Sunsets get all the glory, and sure they're often brilliant, but there's something about the shift from darkness to dawn—that slight hint of light, then the breaking of the sun—that always gets my day off to the right start.

And there's nothing better than seeing it out the bow of your boat as you head out with rod in hand to chase fish up and down the shoreline. Something I haven't done nearly enough this summer.

This week we're seeing the first rays of sunshine showing in the COVID-19 story. The US is finally starting to see a break in their new COVID-19 cases, though test positivity levels are still entirely too high and their new case count (now down to +/-40,000 a day) is still 10x that of Canada on a population-adjusted basis. That said, Tennessee was the only state in the past week which had cases that rose over the week prior.

Here at home, we've signed deals with Novavax and Johnston & Johnston that will provide at least 88 million doses of vaccine once developed. Ottawa is also investing $126 million in a Montreal vaccine facility to bolster local production.

Listen to a replay of the Dr. Kennen Mackay discussion on the COVID-19 outlook►

 

Holy debts, Batman!

"This time is never different," except when it is, apparently. The COVID-19 response has been truly unprecedented, as governments around the world effectively put their economies into a medically-induced coma for a few months. In most of the world that was accompanied by massive government spending to stabilize individual and corporate incomes.
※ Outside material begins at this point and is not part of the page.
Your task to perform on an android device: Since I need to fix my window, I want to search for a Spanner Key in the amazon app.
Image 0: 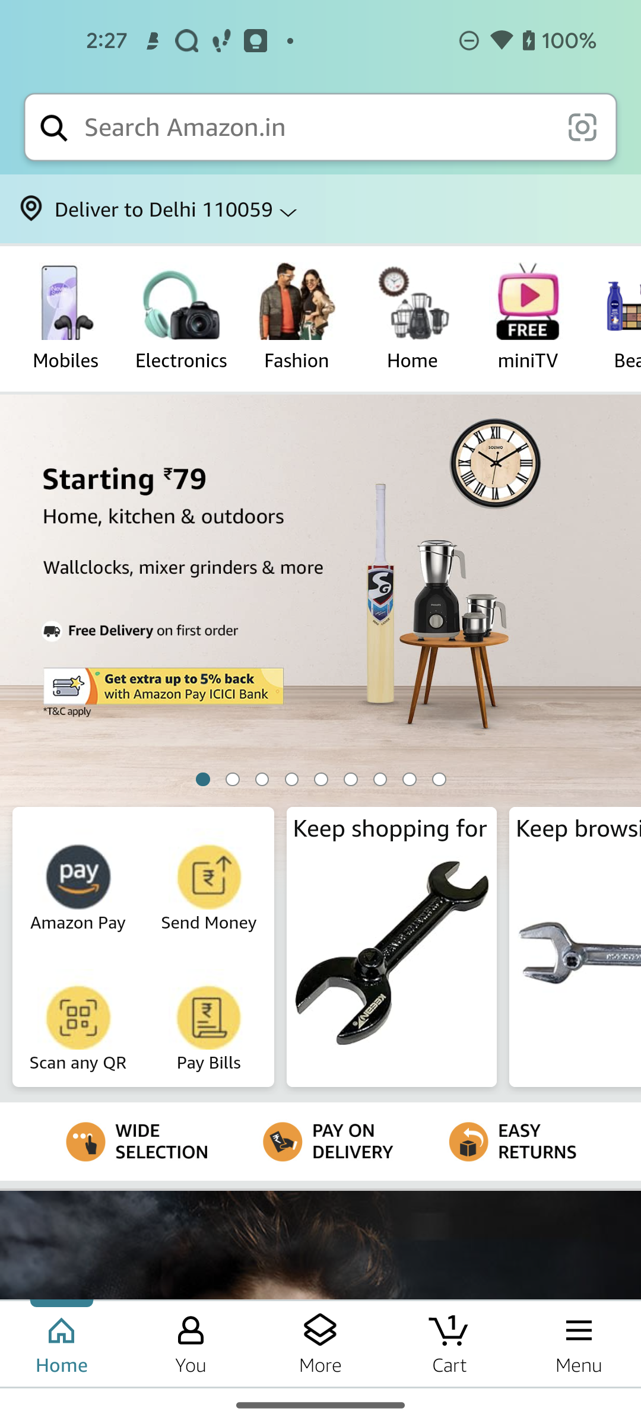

As the chart above shows, we spent heartily over the past while. And someday, that spending will have to be accounted for (though, apparently, not yet). Obviously, taxation is a concern for many investors as we look to the future. There are really only three ways out of oversized spending: grow your way out, raise taxes, or lower spending. I think it highly unlikely that governments will have an easy time with austerity on the other side of COVID, so the most likely combination is to raise taxes and use some creatively optimistic growth projections to bury the rest of the debt.

While increasing the debt load of any individual country would typically be expected to weaken its currency, the picture is a little murkier when every single country does it on such a massive scale. Interesting to note, Canada had some of the lowest spending of major countries as a percentage of GDP, meaning that we might be able to sustain spending longer, or more easily reduce deficits in the future. Either way, high fiscal deficits and debt loads are more of a political issue than an economic one, especially with the cost of servicing that debt historically low. Until voters start to cry foul (and political parties start to complain about the incumbents' rampant spending) there really isn't much incentive for the government in power to jump the gun.

If we do see higher taxes in the future, the one concern I would have as an investor in Canada would be a higher capital gains inclusion. The Liberals and M. Trudeau have long called for increasing the rate from the current 50% to either 66.7% or 75% (the rate was 75% between 1990 and 2000). The NDP has also called for this, so if deficits become a campaign issue, both parties might be tempted to "tax the rich" to pay down the debt, ignoring the fact that 77% of Canadians have investments, and that doesn't include pension assets. Keep in mind, however, that "the rich" tend to hold much more stocks than "the rest" (see above, from the US) and it's not inconceivable that taxing investments would be feasible politically given the right spin.

 

Loan losses at the Canadian banks

Source: Thomson Reuters

The Canadian banks reported their third-quarter results this week for the period ending in July. As we suspected, some of the banks set aside smaller reserves for future loan losses than they did earlier this year. These reserves are used to help absorb future loan losses. Up until recently, the banks had been increasing these accounts by billions of dollars in anticipation of future delinquencies, mainly from COVID-related defaults as well as oil-sector losses. This quarter, some set aside less, which may be taken as a sign that they feel adequately prepared for any challenges to come. If true, this would be a very good sign for the stock prices of those banks.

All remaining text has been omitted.